Remember, that EC2 instance generations are a way to group comparable instance types that are released at the same time. Each instance creation includes several instance types tailored for specific workloads and or use cases. For example, the M5 generation of general-purpose instances includes the M5d, M5a, and M5n instance types.The M5d instance type is optimized for applications that require high-speed, low-latency local storage, while the M5a instance type is designed for applications that require a balance of compute and memory resources. The M5n instance type, on the other hand, is optimized for applications that require high-speed networking. By grouping these instances into a generation, users can easily compare and choose the best instance type for their workload.

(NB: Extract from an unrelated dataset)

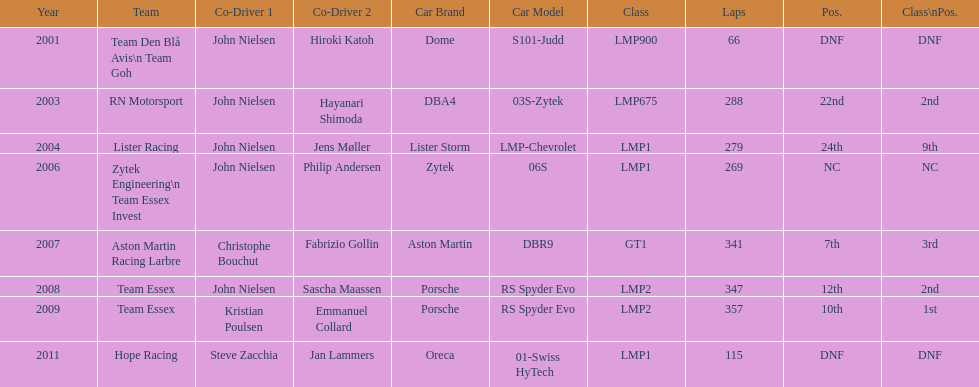Who was john nielsen co-driver for team lister in 2004? Jens Møller.

Remember about pricing model

AWS provides users with three pricing tiers for EC2 instances: on-demand, reserved, and spot. With on-demand instances, users can pay for compute power by the hour without any upfront payments or long-term obligations. Reserved instances offer a considerable hourly cost savings in exchange for a one- or three-year commitment. Spot instances allow users to bid on available EC2 capacity, and the hourly price is determined by supply and demand. Choose pricing wisely to get the most benefit from the instances you’ve chosen. 

Summary

In conclusion, EC2 instance types offer users a variety of choices to meet their computing needs. Understanding the various instance types and how they can be optimized will enable users to select the best instance type for their workload. AWS also offers pricing options that allow users to tailor their charges based on their needs. EC2 instances enable users to create scalable and cost-effective cloud applications.